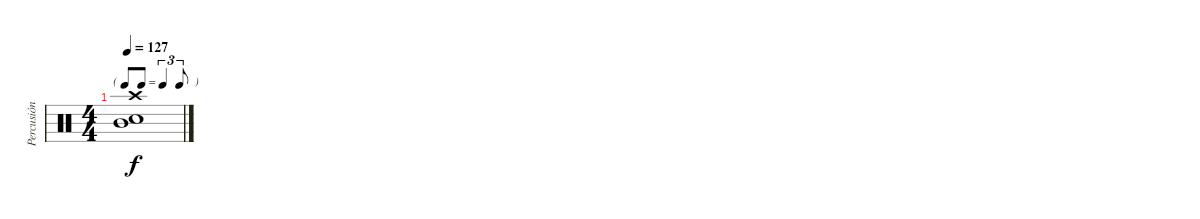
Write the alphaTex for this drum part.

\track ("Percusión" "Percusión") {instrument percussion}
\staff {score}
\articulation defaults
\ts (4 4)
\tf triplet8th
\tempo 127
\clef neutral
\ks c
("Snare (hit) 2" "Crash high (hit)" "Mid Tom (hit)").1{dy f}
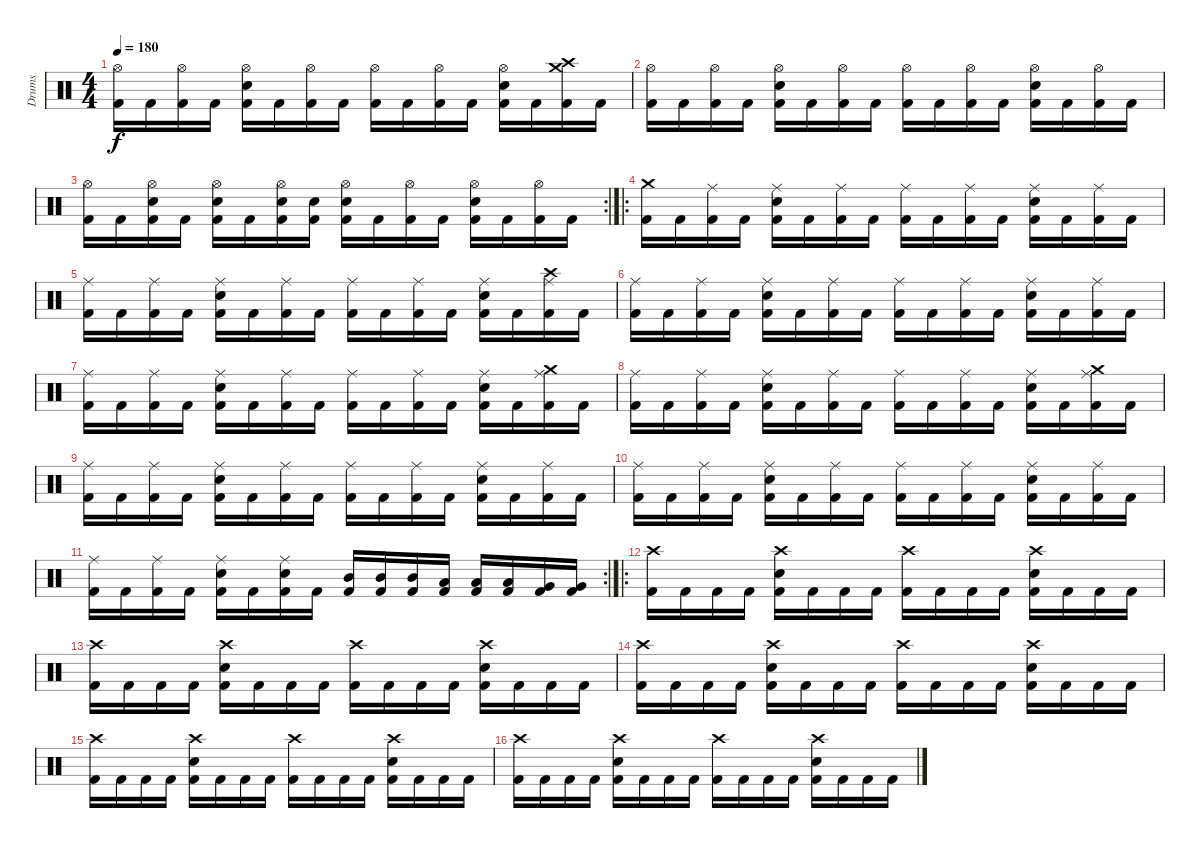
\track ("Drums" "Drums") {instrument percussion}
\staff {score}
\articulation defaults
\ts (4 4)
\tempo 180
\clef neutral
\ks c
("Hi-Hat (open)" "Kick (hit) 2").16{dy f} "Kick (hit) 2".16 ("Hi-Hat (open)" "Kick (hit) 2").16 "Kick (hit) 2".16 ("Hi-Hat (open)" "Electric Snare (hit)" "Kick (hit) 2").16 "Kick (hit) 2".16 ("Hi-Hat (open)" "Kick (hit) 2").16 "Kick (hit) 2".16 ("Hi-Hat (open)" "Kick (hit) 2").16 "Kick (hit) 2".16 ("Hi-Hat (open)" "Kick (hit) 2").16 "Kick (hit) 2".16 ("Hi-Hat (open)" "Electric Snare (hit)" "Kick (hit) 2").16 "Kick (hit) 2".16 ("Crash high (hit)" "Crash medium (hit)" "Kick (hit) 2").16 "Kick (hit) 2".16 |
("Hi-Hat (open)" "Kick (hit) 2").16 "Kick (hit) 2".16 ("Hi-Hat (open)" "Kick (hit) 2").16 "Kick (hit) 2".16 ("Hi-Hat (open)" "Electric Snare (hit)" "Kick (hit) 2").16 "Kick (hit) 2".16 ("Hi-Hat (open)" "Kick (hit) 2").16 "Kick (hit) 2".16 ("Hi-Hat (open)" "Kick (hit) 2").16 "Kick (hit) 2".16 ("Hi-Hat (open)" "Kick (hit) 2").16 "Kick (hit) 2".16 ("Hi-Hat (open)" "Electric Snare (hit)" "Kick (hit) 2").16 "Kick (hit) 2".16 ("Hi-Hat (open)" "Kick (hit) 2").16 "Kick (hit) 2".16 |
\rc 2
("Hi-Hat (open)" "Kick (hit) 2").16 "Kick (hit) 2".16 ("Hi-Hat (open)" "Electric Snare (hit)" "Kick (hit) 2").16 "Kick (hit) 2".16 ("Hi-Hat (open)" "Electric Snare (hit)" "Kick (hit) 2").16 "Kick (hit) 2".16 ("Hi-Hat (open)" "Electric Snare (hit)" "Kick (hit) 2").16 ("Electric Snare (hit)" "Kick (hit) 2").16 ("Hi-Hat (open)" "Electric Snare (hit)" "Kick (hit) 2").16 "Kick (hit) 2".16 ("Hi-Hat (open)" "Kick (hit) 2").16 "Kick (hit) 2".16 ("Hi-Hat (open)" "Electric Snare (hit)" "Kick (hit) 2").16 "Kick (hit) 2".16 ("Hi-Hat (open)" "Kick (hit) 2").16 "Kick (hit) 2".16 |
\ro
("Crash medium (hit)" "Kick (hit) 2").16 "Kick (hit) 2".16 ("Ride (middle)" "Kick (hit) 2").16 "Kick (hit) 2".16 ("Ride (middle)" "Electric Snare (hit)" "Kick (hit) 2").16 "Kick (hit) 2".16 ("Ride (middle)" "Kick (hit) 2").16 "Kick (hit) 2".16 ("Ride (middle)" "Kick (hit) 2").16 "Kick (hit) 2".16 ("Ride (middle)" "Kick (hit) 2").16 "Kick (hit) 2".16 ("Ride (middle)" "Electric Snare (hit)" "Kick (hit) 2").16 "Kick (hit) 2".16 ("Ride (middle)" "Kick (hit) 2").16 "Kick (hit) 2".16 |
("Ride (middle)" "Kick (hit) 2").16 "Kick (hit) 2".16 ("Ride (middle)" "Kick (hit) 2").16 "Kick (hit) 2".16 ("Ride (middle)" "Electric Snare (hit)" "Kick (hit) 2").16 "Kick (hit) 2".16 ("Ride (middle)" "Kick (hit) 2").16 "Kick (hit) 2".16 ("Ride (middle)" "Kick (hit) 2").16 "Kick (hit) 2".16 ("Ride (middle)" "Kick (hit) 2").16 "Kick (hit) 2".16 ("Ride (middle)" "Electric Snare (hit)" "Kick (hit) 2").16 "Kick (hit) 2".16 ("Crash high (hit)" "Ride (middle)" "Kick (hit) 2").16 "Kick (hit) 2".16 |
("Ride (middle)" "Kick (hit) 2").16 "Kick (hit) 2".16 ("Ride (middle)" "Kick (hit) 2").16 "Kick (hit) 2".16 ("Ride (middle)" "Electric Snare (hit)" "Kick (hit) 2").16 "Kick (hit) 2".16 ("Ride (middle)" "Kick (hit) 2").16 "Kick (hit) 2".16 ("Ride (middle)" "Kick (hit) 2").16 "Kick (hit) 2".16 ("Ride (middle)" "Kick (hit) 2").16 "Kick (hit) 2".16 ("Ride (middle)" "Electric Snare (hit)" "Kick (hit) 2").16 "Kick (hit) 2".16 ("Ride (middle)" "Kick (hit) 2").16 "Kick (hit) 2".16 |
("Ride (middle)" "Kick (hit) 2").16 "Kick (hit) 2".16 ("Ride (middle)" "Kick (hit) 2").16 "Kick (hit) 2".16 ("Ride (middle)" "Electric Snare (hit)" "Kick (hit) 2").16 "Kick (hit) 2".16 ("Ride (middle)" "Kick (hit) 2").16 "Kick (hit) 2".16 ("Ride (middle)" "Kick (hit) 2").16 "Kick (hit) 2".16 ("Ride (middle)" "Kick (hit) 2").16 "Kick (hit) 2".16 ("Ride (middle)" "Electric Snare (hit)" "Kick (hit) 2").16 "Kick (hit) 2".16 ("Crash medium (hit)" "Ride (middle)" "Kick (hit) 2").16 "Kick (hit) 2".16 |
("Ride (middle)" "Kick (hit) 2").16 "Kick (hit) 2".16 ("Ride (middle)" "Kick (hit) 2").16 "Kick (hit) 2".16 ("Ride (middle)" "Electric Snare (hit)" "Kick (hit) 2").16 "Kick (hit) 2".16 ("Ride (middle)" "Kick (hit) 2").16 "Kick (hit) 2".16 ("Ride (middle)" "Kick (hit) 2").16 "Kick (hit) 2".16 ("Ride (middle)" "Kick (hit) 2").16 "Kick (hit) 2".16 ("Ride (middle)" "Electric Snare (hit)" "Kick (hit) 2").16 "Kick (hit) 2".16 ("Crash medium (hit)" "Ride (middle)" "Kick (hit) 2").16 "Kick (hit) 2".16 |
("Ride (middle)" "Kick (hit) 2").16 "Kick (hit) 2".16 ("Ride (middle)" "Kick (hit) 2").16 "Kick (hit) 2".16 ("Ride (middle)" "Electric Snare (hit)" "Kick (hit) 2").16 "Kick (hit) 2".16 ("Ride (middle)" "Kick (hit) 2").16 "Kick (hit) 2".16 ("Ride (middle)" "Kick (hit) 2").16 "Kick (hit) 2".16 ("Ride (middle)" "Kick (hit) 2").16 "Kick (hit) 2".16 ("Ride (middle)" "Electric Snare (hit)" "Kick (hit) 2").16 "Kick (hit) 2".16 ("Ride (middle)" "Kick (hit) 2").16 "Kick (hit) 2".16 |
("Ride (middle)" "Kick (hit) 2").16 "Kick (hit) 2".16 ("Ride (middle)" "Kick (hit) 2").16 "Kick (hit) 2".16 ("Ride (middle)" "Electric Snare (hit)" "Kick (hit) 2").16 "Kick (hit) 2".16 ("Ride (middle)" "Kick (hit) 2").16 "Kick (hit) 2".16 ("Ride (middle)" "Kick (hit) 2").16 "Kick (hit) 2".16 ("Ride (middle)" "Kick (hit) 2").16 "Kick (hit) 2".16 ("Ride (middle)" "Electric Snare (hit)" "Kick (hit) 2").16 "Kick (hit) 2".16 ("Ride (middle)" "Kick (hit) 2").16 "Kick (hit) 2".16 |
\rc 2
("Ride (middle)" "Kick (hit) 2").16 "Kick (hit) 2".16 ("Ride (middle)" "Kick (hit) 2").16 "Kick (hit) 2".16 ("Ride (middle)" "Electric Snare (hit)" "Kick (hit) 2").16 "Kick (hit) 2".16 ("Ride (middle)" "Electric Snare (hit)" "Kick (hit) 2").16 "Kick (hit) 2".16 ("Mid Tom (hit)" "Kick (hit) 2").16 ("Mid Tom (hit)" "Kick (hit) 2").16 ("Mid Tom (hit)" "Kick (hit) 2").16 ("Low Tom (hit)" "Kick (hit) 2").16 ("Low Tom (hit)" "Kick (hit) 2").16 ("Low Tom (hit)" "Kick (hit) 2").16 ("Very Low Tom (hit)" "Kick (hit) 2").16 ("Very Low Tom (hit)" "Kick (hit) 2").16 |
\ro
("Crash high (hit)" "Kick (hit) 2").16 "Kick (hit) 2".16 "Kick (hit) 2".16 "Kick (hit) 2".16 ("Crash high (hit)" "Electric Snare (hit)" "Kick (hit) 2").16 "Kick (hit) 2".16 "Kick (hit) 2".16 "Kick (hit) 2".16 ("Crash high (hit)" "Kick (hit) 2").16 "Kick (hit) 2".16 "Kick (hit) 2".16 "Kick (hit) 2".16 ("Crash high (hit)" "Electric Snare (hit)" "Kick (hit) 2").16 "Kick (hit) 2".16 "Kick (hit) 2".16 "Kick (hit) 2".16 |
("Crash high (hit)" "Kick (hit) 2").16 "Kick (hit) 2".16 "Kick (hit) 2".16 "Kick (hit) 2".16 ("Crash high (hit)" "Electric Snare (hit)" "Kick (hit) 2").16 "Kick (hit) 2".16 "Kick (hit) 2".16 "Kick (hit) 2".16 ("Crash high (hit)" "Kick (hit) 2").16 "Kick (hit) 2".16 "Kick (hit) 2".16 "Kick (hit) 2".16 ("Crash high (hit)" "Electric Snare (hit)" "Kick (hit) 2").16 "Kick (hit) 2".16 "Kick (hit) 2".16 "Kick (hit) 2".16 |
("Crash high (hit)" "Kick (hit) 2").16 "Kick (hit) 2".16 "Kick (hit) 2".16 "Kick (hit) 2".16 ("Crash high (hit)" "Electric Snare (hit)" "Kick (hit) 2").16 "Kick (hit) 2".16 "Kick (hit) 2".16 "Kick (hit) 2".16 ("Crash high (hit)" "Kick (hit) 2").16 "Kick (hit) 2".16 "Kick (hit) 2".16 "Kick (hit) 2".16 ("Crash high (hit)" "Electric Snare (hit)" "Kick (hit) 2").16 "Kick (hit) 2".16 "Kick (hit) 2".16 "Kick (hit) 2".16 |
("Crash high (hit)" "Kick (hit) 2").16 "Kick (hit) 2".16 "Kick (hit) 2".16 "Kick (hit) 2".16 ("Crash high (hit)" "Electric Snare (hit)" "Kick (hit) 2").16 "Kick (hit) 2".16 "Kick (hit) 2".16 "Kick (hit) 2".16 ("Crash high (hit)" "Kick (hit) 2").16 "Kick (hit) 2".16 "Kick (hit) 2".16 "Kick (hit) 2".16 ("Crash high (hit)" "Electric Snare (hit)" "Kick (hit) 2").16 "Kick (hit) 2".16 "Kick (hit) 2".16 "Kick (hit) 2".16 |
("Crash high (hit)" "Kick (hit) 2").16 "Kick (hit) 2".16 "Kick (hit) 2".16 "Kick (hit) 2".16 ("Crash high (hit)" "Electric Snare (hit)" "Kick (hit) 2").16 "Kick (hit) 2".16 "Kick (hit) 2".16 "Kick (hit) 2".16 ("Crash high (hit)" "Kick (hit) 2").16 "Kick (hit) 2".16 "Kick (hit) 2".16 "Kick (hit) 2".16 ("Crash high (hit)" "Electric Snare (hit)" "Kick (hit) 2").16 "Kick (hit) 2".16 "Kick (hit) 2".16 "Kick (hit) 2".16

_Your goal_:
What are the lines above that hold the string "instrument"? Copy them.

_Answer section_:
\track ("Percusión" "Percusión") {instrument percussion}
\track ("Drums" "Drums") {instrument percussion}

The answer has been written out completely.